Directions for this task | Check every line of the entries below for the word "pitch", and copy the ones that have it.

Information supplied |
* * *
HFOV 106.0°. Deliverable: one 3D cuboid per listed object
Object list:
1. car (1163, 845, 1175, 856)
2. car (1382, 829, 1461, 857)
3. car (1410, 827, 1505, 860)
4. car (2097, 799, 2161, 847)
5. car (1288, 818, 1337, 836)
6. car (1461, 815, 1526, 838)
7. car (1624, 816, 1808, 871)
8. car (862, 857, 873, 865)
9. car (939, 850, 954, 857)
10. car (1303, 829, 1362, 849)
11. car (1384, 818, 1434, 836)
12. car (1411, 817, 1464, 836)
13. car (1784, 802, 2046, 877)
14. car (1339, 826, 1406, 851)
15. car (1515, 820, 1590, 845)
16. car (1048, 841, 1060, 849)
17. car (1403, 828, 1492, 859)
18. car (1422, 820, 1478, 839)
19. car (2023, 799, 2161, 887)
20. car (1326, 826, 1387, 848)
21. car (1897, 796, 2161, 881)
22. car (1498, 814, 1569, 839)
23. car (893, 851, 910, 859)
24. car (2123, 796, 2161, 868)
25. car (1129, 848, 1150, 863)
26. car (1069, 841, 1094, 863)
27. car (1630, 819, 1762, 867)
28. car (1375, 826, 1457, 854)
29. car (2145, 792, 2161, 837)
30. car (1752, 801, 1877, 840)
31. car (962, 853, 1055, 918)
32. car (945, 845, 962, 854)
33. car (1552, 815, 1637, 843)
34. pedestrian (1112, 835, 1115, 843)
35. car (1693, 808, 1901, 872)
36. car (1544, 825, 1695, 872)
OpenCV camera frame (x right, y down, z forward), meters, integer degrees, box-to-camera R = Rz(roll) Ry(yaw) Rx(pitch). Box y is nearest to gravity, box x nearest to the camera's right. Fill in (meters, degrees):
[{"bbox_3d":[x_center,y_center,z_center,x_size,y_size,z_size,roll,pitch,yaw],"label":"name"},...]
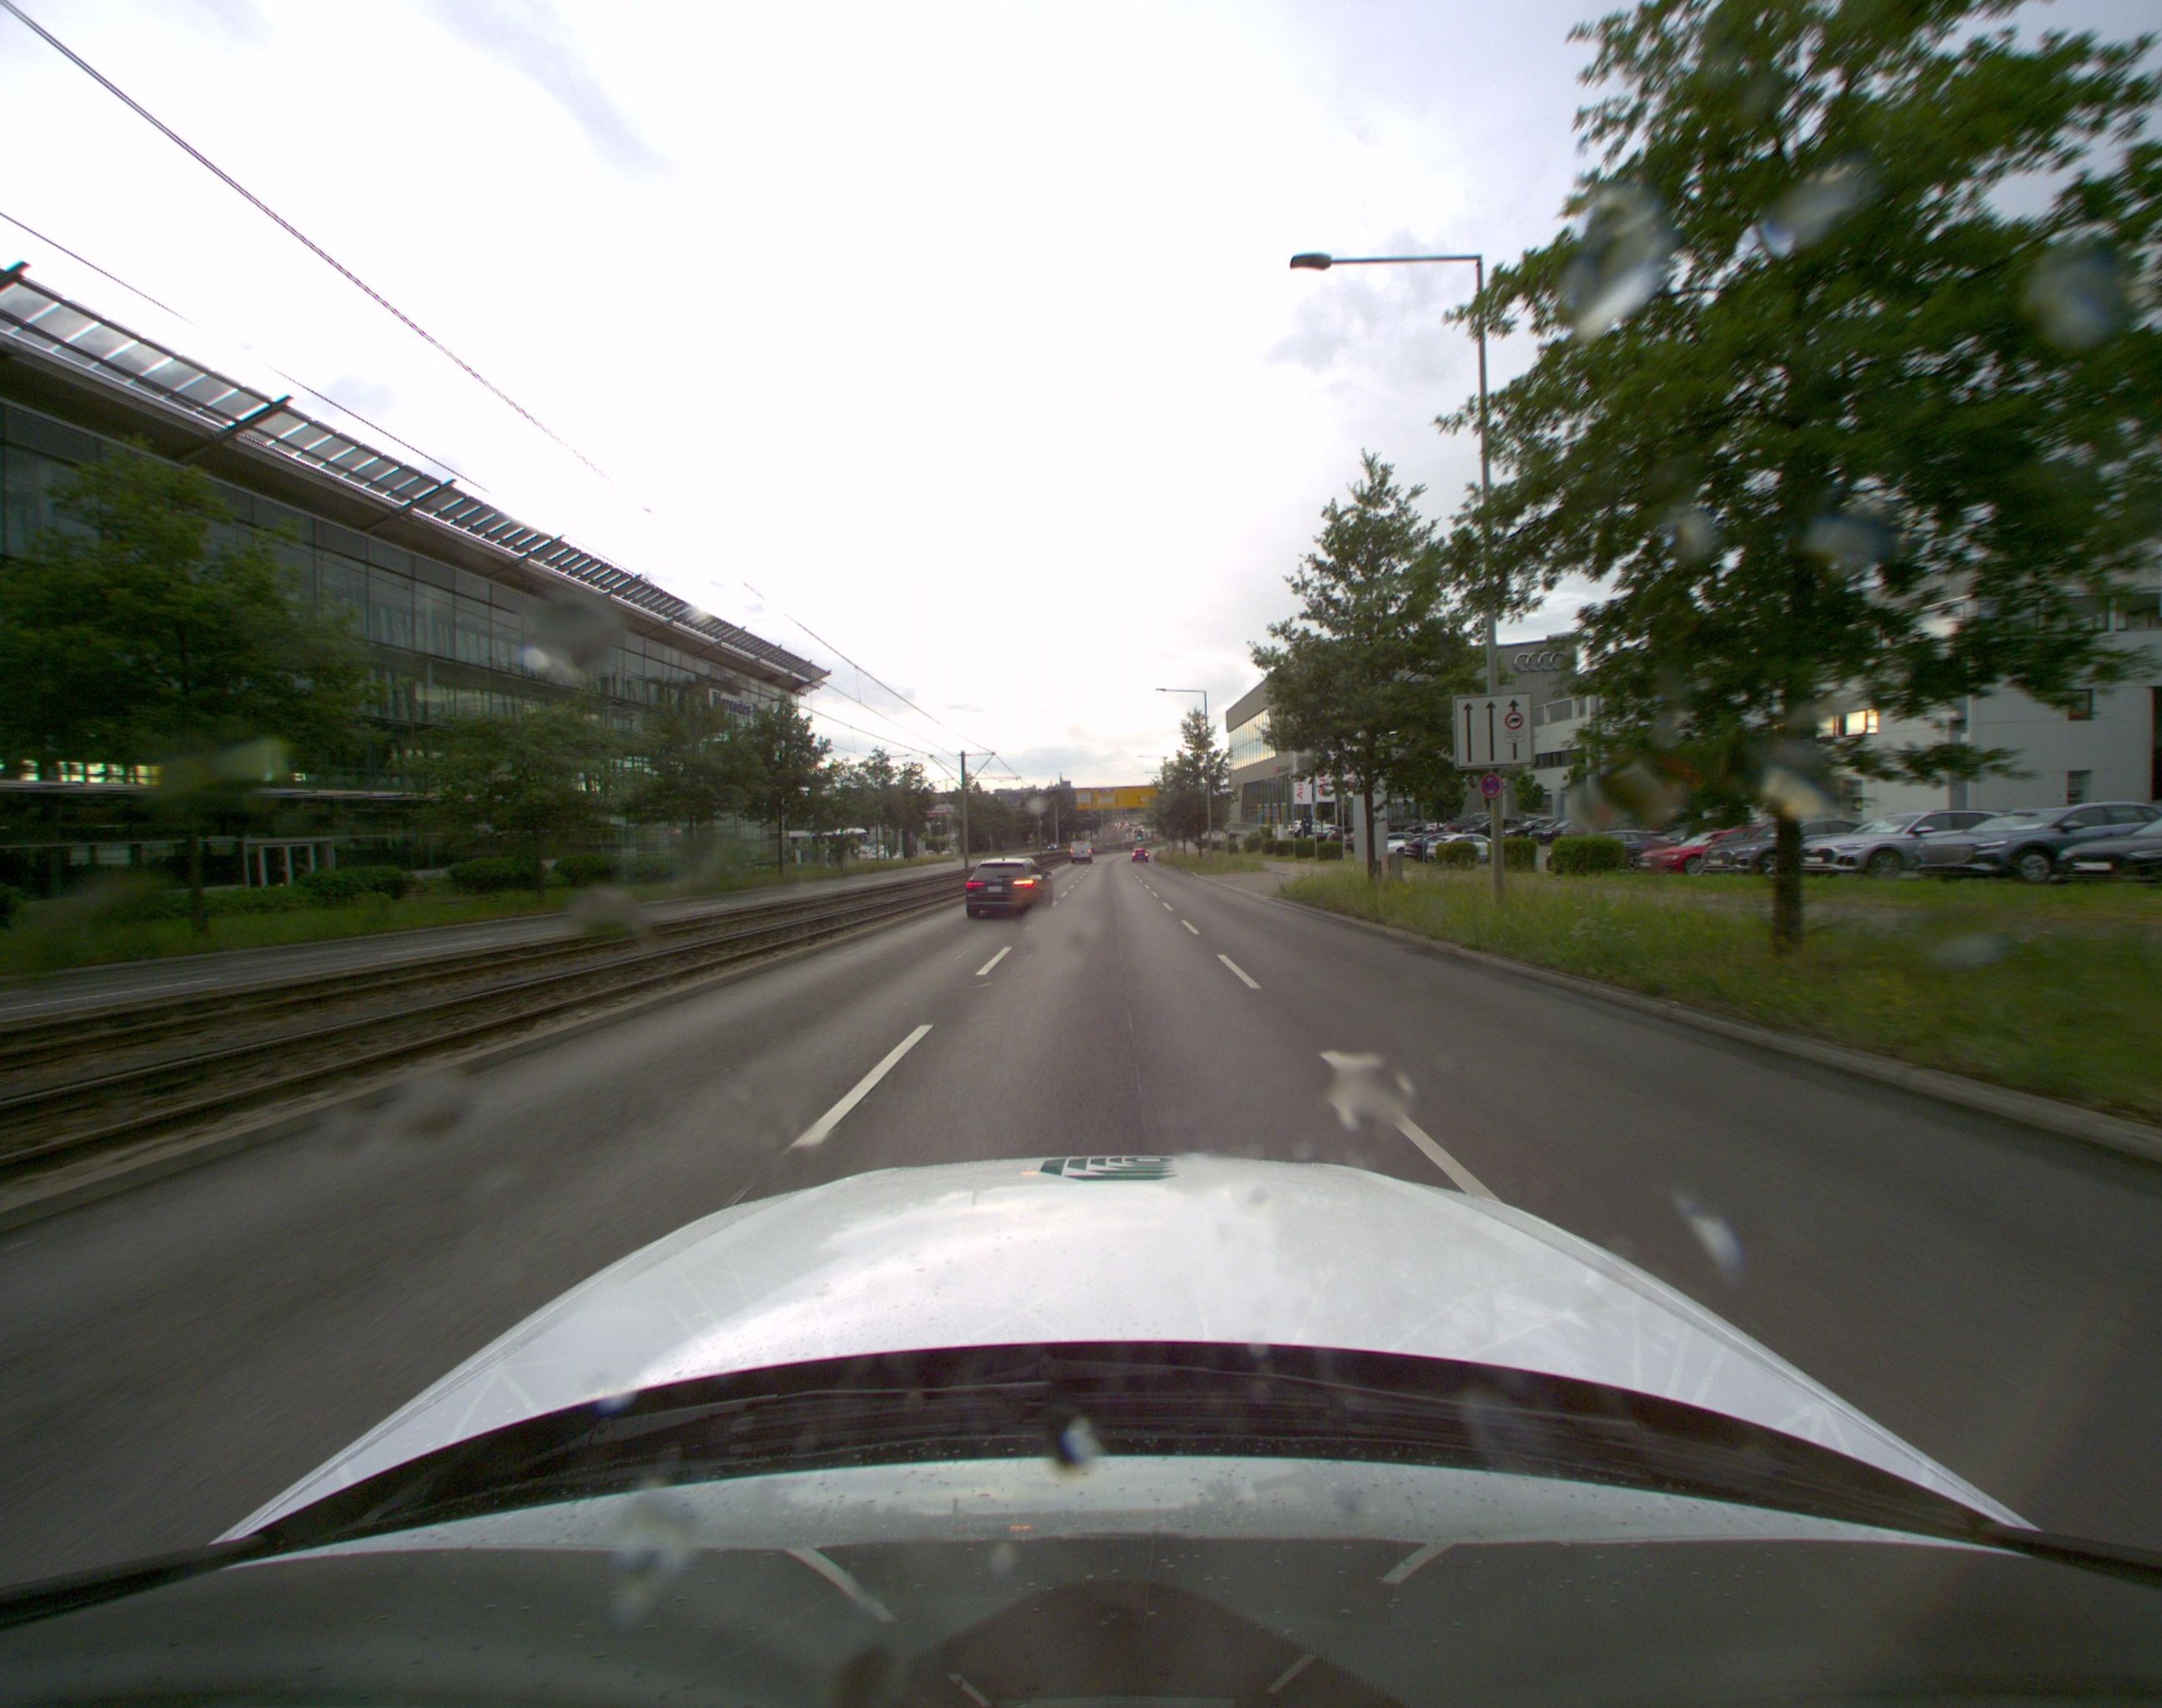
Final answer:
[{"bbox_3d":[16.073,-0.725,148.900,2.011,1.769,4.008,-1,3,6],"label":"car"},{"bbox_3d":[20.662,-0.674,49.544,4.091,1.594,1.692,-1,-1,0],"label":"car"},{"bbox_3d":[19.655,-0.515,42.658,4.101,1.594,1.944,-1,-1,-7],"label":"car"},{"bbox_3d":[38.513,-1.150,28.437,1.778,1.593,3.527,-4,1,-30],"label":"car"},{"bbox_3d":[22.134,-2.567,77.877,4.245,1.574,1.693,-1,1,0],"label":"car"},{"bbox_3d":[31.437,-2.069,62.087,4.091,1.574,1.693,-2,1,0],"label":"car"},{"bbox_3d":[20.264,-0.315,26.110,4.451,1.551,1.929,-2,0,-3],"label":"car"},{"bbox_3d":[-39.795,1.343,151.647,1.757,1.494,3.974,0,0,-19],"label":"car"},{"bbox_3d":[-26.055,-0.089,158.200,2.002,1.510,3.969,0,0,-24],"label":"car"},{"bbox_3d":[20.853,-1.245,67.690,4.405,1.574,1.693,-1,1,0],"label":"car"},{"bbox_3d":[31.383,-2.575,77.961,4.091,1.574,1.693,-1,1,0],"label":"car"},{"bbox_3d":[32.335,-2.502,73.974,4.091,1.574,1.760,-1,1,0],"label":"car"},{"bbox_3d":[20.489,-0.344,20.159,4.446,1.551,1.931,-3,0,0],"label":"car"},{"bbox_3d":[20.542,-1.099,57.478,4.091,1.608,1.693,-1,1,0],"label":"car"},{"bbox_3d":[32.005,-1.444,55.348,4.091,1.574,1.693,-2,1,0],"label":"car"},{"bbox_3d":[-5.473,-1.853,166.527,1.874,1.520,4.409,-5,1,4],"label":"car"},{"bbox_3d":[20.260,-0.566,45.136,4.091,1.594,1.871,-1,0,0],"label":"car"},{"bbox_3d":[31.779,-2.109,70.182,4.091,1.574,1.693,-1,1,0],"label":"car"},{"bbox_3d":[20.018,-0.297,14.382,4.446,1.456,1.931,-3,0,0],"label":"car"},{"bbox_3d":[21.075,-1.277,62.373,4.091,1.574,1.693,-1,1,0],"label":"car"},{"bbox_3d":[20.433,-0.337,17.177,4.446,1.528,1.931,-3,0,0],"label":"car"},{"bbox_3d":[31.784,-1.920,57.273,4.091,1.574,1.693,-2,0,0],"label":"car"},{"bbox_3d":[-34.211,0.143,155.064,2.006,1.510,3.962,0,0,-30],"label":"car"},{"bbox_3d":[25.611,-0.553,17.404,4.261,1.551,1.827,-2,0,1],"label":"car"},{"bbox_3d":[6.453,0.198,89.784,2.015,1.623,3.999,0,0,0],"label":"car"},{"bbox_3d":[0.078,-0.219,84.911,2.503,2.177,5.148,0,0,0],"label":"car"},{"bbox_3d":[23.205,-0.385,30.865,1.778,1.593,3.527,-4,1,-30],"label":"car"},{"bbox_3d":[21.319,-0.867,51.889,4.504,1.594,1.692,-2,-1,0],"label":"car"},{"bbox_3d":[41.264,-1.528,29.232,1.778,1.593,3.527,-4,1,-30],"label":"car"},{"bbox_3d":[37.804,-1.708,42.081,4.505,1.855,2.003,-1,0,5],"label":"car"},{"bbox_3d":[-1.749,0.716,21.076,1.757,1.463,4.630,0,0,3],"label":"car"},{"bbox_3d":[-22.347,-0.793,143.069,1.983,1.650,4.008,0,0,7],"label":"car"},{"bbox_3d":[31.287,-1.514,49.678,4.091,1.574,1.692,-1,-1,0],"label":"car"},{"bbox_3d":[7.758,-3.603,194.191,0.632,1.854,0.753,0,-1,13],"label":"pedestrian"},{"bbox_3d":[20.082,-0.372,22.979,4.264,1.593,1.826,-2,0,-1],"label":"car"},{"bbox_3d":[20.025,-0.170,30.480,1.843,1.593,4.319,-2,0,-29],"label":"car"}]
* * *
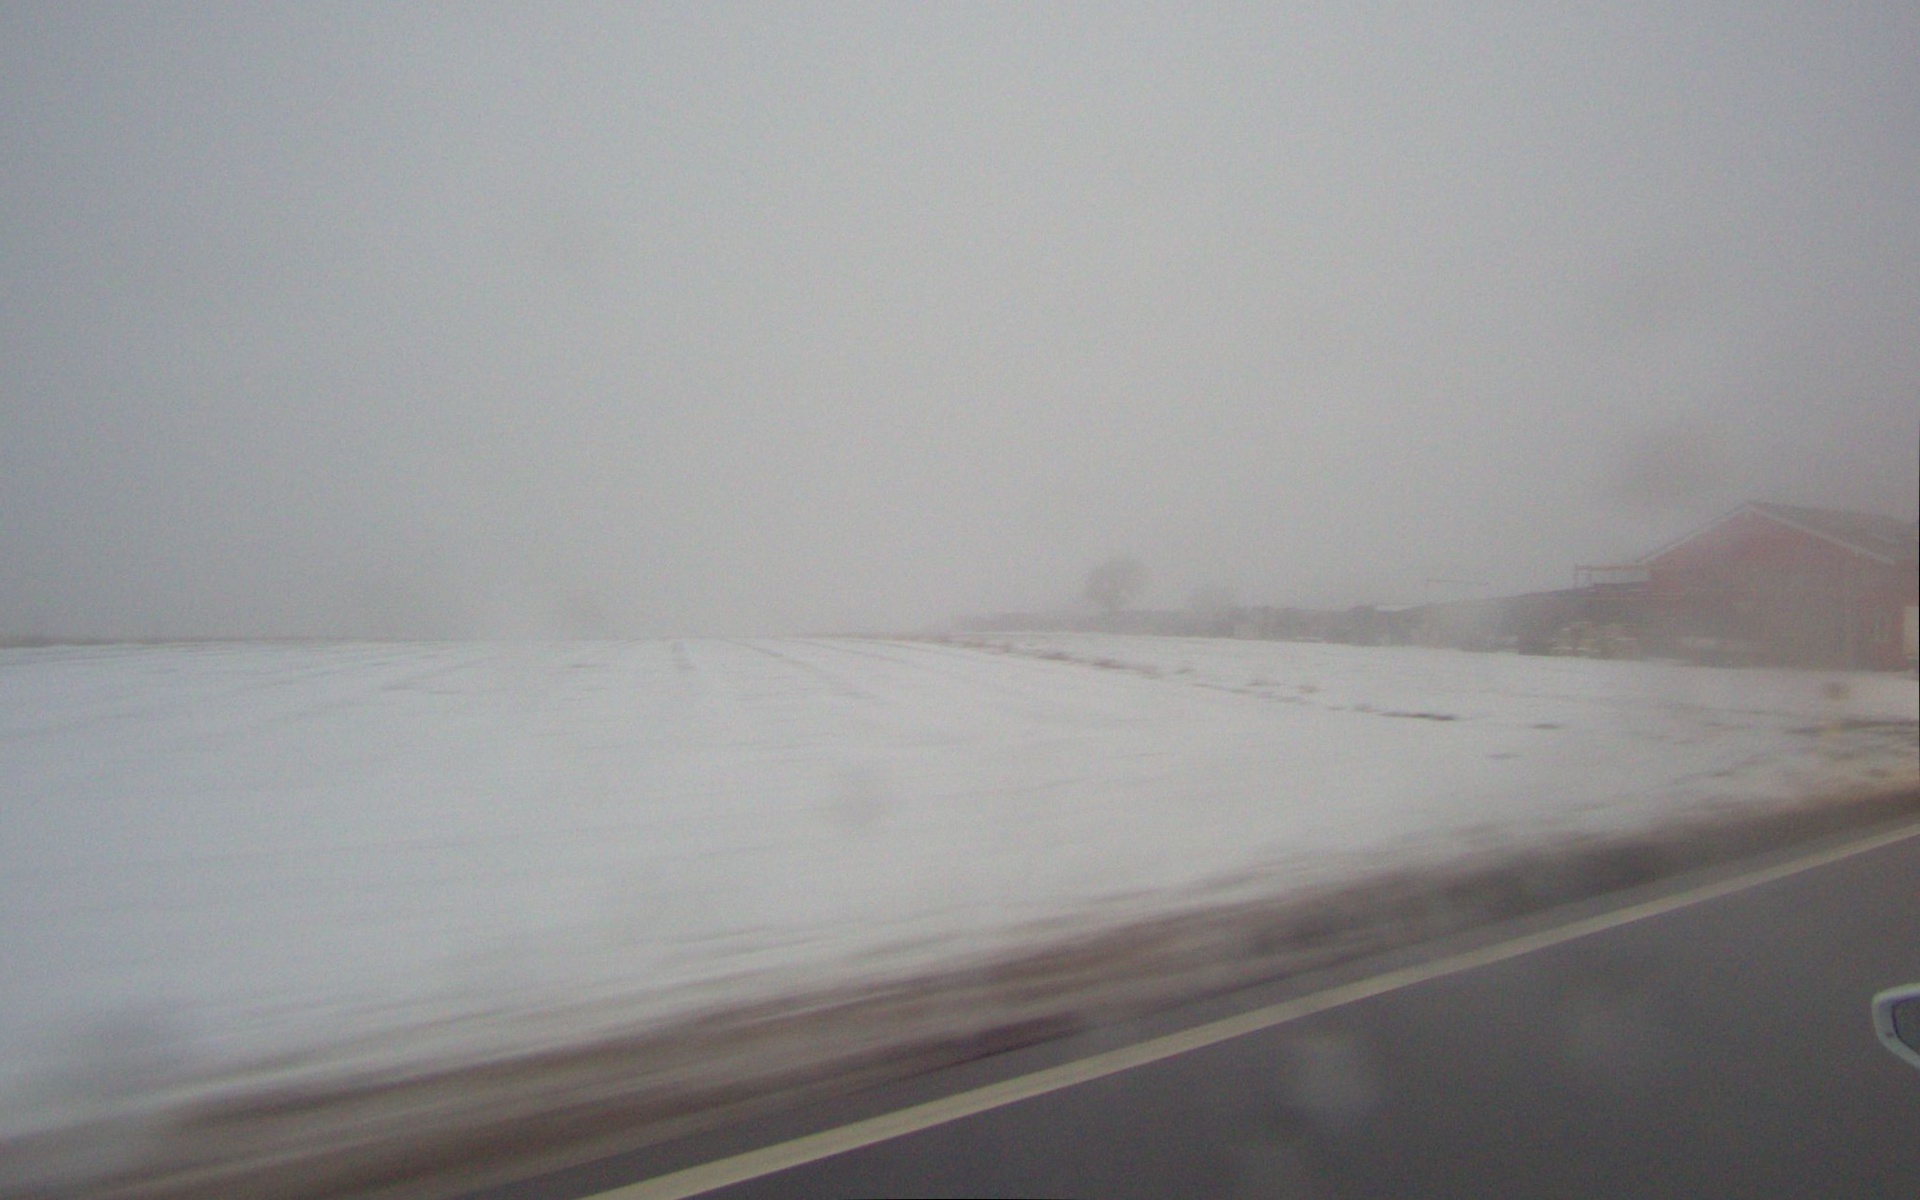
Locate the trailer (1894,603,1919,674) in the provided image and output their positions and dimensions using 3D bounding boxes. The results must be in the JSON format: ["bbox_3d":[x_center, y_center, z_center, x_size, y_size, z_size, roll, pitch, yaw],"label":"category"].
* * *
Solution to this task |
OpenCV camera frame (x right, y down, z forward), meters, integer degrees, box-to-camera R = Rz(roll) Ry(yaw) Rx(pitch). Box y is nearest to gravity, box x nearest to the camera's right. Fill in (meters, degrees):
[{"bbox_3d":[x_center,y_center,z_center,x_size,y_size,z_size,roll,pitch,yaw],"label":"name"},...]
Locate the trailer (1894,603,1919,674) in the provided image and output their positions and dimensions using 3D bounding boxes. The results must be in the JSON format: ["bbox_3d":[x_center, y_center, z_center, x_size, y_size, z_size, roll, pitch, yaw],"label":"category"].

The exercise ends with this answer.